Telford-based Protolabs lays claim to being the world’s fastest manufacturer of custom prototypes and on-demand production parts, with manufacturing facilities in eight countries. It creates rapid prototypes with lead times that don’t go above two-and-a-half weeks.

Its Northern European sales director Jonathan Firnberg highlighted the downside of having a separate team that is responsible for innovation.

He said: “The danger of having the ringfenced technology group in a culture that demonises failure is it is somewhere to point the finger at.

“What we do as an organisation globally, is we bring teams from across the organisation to work together in a co-operative, committee-type environment to look at new developments in particular areas of the business, be it technical, software, systems, process.

“That means we have input from all areas, but also a buy-in from all areas and that removes that culture of blame.”

 

Instead, create a KPI for failure

The consequence of not playing the blame game is it provides more freedom for people to experiment and be more ambitious with their thinking – to be genuinely innovative rather than play safe with small, iterative improvements.

Mark Neale, a partner at Freeths, specialising in IT and data, argued that “a person working in a tech savvy organisation that has had success from innovation failures is more likely to be pro-risk when they move to a different industry where innovation is deemed uncertain.”

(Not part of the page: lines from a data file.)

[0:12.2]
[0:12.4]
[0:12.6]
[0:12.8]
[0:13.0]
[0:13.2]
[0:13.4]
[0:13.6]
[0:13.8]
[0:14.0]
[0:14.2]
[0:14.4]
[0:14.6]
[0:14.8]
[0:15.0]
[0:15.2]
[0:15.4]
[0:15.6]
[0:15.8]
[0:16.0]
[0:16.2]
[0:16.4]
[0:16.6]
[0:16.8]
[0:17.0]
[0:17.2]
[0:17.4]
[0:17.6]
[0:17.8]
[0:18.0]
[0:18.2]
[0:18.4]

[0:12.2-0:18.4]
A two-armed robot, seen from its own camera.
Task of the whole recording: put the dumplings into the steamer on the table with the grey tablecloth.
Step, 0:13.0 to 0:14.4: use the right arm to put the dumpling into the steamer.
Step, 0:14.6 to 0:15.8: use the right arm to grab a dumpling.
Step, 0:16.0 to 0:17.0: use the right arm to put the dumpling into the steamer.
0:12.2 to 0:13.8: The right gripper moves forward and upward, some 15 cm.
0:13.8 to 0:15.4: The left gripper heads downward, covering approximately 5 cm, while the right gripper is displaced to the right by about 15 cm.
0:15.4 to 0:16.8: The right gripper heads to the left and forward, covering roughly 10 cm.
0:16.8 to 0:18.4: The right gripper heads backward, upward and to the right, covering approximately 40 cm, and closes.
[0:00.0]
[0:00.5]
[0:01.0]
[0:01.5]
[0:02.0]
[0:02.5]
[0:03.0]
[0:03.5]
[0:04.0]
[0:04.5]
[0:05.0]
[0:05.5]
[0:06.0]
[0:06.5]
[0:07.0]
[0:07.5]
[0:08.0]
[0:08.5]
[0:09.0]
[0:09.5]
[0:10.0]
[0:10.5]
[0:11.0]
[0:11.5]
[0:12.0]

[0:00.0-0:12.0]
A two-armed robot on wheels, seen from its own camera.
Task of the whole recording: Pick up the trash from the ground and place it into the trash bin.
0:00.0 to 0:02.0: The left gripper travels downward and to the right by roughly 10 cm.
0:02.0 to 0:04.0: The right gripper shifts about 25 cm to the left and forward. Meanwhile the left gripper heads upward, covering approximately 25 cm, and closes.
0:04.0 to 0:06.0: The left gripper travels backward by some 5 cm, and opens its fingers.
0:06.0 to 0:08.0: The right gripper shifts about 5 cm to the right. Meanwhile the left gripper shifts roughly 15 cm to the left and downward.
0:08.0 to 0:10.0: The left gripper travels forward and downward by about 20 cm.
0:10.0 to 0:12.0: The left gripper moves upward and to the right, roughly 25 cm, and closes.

Having the right mindset was also a key factor for Keith Munday, commercial director at 100% renewable energy supplier Bryt Energy.

He said: “For larger companies, not smaller ones, this is all about the attitude to risk, and how targets are set from the top. People are asked for a plan and they’re expected to deliver to the plan.

“How many people in big companies say: ‘Here are your targets, this is what I want you to do, and actually I expect 20% of it to fail. And if you’re not failing on 20%, you’re not trying hard enough, because you’re not stretching yourself’.

“It’s the fundamental core of where you start from, and how you set the expectations of your staff, and how you encompass failure. There’s never, ever actually a failure, because what we deem a failure is actually just a learning point to move us to the next stage.”

 

Embrace failure, but don’t cling to it

The academic approach can add value when companies are being innovative, argued James Sharp, business engagement partner at the University of Birmingham.

James Sharp, University of Birmingham

“The thing we see is that there is an increasing need for failure to happen quickly, to fail fast,” he said. “You have to bake that into a project from the outset, and actually look for where you think your pinch points are going to be and test those from the outset. Then if it doesn’t work, at least, you know, you haven’t wasted a lot of money on it.

“But increasingly, people don’t aim for those – milestones are set by success, and not by failure. When we come at it from an academic perspective and a scientific perspective, you take your hypothesis and then you try and disprove it. That’s where I think the university kind of R&D is. It is more synced with that ‘fail fast’ approach.”